По-прежнему ни подтверждений, ни отрицаний, подумал он.
Донахью откупорил банку.
— И все-таки, Дэйв, как вы предлагаете действовать?
Девочки ушли к подругам, а Джек должен был вернуться поздно. Кэт Донахью заканчивала работу над документом, который ей нужно было подготовить к завтрашнему дню, когда «линкольн» Джека подъехал к дому и свернул в пристройку, где у них был гараж. Что-то ты рано, сказала она, когда Донахью вошел в гостиную.
— Может, прогуляемся? — Он бросил пиджак на стул.
— Конечно. — Она вдруг почувствовала волнение, почти испуг. О господи, подумала она.
— Что случилось, Джек? Что-нибудь не так?
— С девочками все в порядке. — Он понял, что ее беспокоит.

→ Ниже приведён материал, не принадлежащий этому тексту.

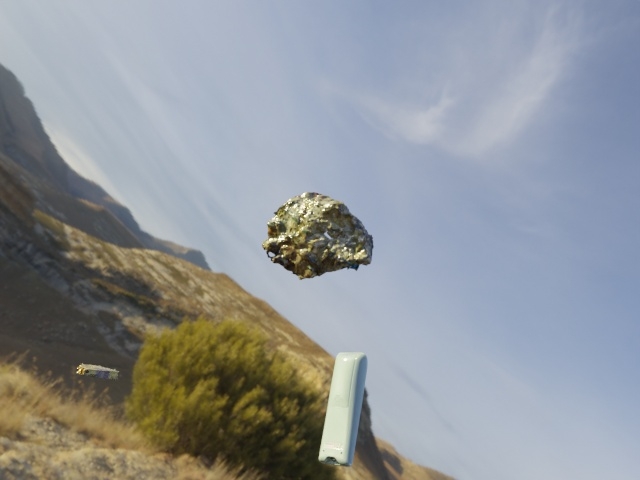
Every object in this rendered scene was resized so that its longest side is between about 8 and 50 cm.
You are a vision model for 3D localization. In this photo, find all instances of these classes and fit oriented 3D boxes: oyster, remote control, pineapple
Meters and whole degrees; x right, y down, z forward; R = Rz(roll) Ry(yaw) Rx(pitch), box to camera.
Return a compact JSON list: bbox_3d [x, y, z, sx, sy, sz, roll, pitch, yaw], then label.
[{"bbox_3d":[-0.003,-0.002,1.212,0.260,0.198,0.092,28,1,10],"label":"oyster"},{"bbox_3d":[0.057,0.441,1.435,0.103,0.293,0.051,-10,-31,38],"label":"remote control"},{"bbox_3d":[-0.383,0.222,0.913,0.045,0.019,0.083,5,-15,27],"label":"pineapple"}]
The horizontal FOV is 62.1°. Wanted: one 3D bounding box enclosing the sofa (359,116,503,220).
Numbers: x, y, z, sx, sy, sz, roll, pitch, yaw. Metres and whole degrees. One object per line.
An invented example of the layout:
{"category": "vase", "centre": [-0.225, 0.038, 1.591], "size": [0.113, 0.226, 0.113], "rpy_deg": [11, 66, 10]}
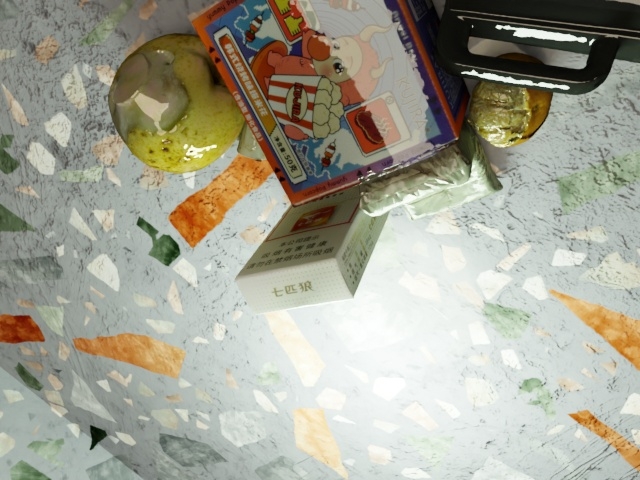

Они вышли на воздух и побрели по саду, разбитому за домом, и дальше, в лес. Вечер был теплый; уже сгустились сумерки, и вокруг сладко пахло сосновой хвоей. Они шли рядом; Донахью чуть сгорбился, засунул руки в карманы.
— Эд Пирсон — славный малый.
Донахью смотрел то в землю, то на небо над деревьями.
— Пару месяцев назад мы с ним говорили насчет того, кто мне понадобится, если я выдвину свою кандидатуру на выборах. Обычный штат, разумеется; но Эд назвал и еще кое-кого. Сказал, что по-настоящему мне будет нужен человек, которому я мог бы доверить то, что не могу доверить другим. Который осадит меня, если я зарвусь, и поддержит, когда мне придется трудно. Который скажет мне правду. Этот человек — ты, Кэт.
— Конечно я, — ответила она.
Ведь я твоя жена; даже больше чем жена. Итак, вступление закончено, Джек; а теперь скажи мне, что у тебя на уме, о чем ты действительно хотел рассказать мне.
— Сегодня кто-то пытался меня убить. Если я стану кандидатом, они повторят попытку.
Она ощутила панику, но подавила ее. Не остановилась, по-прежнему шла рядом с ним. Хотела спросить его, кто, как и почему, но промолчала, чтобы он говорил в том порядке, какой сочтет нужным.